Salió procurando no dar el portazo que deseaba dar, y al llegar a la calle se fijó en el cielo aparentemente tranquilo.
Con mucho cuidado, Julia tomó un ojo y lo encajó en el hueco tratando de que quedara fijo, mirando al frente. Podía ser un problema si quedaba torcido, porque otras veces, al intentar enderezarlo, había rasgado el tejido de la órbita. Alejó de ella unos centímetros la cara de la marioneta y observó el efecto, algo extraño, desde luego, con una órbita vacía parecida a la entrada de un túnel oscuro.
Desde la puerta de la tienda, Andrea observó cómo su amiga y socia se concentraba en un trabajo que la apasionaba. Desde aquella perspectiva, las luces del interior de la tienda iluminaban el suave cabello castaño de Julia dándole un halo de dulzura que casaba muy bien con su carácter, el polo opuesto al de Andrea, áspero y peleón. Sonrió al pensar en lo fácil que les era entenderse y luego volvió su atención a la tienda de bolsos situada justo enfrente.
—¿Te has fijado en lo macizo que está Michael, el de Baggs? —dijo Andrea.

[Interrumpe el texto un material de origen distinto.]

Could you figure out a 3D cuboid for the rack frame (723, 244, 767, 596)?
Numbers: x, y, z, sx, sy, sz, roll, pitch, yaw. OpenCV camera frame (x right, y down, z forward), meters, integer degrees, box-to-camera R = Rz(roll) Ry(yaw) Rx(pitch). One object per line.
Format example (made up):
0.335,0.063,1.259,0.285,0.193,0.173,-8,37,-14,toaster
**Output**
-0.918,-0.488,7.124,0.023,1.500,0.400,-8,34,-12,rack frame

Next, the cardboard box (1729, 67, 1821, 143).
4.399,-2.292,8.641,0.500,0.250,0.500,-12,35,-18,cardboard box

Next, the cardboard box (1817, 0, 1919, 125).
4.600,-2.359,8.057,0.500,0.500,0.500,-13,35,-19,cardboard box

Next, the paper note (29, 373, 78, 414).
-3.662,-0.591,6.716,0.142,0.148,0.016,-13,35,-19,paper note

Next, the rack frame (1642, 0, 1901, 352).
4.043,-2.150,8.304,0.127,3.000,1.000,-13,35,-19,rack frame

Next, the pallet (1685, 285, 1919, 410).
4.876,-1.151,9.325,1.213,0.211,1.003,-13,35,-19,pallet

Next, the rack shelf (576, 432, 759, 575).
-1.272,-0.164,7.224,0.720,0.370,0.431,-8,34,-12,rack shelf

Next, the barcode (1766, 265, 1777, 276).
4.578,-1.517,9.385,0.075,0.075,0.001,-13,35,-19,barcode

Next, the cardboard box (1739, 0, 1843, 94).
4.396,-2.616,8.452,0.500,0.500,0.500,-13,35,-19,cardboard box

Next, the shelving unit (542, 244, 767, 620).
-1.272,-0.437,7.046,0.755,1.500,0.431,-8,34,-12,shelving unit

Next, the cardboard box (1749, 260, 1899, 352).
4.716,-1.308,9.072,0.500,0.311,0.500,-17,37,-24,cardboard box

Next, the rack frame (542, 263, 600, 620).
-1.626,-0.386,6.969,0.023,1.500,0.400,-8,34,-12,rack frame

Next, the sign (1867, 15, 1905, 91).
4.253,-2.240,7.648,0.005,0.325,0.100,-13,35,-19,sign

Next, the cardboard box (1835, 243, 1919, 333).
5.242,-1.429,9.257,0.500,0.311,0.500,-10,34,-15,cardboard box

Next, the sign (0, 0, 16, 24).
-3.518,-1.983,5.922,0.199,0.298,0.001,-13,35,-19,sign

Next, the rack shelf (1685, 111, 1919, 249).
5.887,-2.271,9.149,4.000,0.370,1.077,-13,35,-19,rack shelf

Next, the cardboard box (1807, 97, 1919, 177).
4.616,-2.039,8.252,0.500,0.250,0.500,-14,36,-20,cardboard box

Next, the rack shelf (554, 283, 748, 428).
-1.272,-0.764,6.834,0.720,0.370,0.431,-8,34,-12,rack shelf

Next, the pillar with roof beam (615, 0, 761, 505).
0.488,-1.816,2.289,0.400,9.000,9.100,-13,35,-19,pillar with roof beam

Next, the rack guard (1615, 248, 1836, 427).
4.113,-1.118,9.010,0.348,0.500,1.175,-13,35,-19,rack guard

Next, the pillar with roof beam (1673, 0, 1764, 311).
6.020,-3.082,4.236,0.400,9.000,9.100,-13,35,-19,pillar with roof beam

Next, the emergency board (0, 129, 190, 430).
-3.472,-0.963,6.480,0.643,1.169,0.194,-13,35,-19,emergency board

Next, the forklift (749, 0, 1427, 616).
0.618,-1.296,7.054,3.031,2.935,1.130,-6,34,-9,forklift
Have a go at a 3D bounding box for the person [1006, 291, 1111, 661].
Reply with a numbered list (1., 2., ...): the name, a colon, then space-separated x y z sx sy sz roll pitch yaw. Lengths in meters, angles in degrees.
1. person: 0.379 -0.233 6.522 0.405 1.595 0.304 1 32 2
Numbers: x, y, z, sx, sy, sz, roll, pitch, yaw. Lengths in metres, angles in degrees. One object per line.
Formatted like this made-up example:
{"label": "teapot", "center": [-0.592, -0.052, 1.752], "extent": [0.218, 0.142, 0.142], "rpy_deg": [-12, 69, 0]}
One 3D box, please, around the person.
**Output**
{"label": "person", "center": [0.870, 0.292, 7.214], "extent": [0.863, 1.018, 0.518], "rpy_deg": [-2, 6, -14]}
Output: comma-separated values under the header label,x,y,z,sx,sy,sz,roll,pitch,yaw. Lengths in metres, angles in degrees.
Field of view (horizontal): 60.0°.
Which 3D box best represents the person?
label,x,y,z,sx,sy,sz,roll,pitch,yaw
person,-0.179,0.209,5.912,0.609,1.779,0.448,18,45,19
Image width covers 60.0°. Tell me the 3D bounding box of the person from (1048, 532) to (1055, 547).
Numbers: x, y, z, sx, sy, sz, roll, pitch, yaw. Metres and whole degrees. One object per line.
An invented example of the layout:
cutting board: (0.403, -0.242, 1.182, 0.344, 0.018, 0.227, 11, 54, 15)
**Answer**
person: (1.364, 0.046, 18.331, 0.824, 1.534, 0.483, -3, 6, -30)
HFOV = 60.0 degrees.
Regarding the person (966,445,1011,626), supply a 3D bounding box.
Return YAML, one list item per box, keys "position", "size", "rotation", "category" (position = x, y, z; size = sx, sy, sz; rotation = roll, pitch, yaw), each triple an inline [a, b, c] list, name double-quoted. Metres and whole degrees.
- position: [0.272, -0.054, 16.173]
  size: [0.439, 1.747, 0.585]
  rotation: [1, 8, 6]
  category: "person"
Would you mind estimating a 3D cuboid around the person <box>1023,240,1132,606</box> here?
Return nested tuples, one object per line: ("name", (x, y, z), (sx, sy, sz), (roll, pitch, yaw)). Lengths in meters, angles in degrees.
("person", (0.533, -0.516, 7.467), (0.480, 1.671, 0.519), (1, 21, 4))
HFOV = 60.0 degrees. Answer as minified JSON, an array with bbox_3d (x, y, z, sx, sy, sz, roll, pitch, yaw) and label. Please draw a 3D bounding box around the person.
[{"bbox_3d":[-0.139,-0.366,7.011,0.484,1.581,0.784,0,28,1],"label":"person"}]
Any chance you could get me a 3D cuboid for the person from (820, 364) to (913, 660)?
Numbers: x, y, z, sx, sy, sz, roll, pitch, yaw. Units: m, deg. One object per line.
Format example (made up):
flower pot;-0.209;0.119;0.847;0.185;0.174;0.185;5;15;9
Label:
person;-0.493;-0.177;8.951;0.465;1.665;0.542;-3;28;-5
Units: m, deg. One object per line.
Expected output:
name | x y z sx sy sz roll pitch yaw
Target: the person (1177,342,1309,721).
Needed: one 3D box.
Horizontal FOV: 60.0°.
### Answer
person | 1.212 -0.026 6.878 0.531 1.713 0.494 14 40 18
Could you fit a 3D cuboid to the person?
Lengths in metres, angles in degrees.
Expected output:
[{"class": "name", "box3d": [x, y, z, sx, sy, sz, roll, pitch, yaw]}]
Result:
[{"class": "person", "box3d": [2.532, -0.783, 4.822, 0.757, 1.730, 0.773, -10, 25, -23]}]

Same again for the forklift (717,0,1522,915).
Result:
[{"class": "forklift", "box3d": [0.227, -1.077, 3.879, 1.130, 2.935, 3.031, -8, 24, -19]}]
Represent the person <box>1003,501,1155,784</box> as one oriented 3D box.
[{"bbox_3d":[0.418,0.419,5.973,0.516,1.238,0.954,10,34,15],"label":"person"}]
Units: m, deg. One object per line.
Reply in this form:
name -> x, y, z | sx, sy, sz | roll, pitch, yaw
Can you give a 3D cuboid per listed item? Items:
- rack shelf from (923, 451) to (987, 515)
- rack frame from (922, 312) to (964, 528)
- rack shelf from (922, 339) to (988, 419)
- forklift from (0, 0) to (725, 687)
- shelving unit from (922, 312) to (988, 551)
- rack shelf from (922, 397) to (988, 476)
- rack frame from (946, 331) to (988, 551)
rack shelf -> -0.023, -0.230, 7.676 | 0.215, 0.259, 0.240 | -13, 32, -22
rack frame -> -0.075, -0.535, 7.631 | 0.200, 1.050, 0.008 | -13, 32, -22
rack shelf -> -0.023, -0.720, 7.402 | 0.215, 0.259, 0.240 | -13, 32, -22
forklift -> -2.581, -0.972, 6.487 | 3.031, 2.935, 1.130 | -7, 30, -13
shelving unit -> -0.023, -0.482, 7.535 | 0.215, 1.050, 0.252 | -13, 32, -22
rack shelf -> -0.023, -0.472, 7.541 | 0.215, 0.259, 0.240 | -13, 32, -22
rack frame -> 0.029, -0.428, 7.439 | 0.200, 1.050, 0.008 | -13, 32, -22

Apoyada en el marco de la puerta, tenía la actitud del fumador que se ha quedado sin posibilidad de fumar; una mano en el bolsillo del vaquero ajustado y la otra elevada en el aire como si sujetara el cigarrillo. El pelo, castaño y corto, le daba un aire juvenil y un punto agresivo al mismo tiempo. En aquel momento no había ningún cliente en la juguetería, nada de niños removiendo los estantes, de madres pasando de ellos o de padres más atentos a las dos jóvenes dependientas que a los caprichos de sus vástagos. Se volvió para ver como Julia colocaba sobre la mesa la marioneta de cara sonrosada, pelo negro adornado con una gran flor y vestido rojo cuajado de topos rosas.
—¿No te parece que le falta algo? —preguntó Julia.
—A mí me falta un café. ¿Qué pasa hoy que no entra nadie?
El largo pasillo del centro comercial ofrecía un aspecto poco habitual en un viernes. Poca gente, apenas un puñado de paseantes observando los escaparates, jubilados sin nada mejor que hacer y algo más lejos un grupo de alborotados adolescentes. Pero al parecer nadie interesado en una juguetería con las paredes cuajadas de marionetas.
—¿Cuántos años debe de tener? —preguntó Andrea.
—¿Michael? No sé, pero casi podría ser tu padre —rió Julia.
—Hablando de padres. ¿Qué tal con Marc?
Julia se dirigió, sin contestar, a uno de los estantes. Tomó una caja y de ella extrajo los hilos que convertirían a su muñeco en un ser casi vivo.
—¿Sabes lo que me ha pasado esta mañana? —desvió el tema mientras anudaba los hilos.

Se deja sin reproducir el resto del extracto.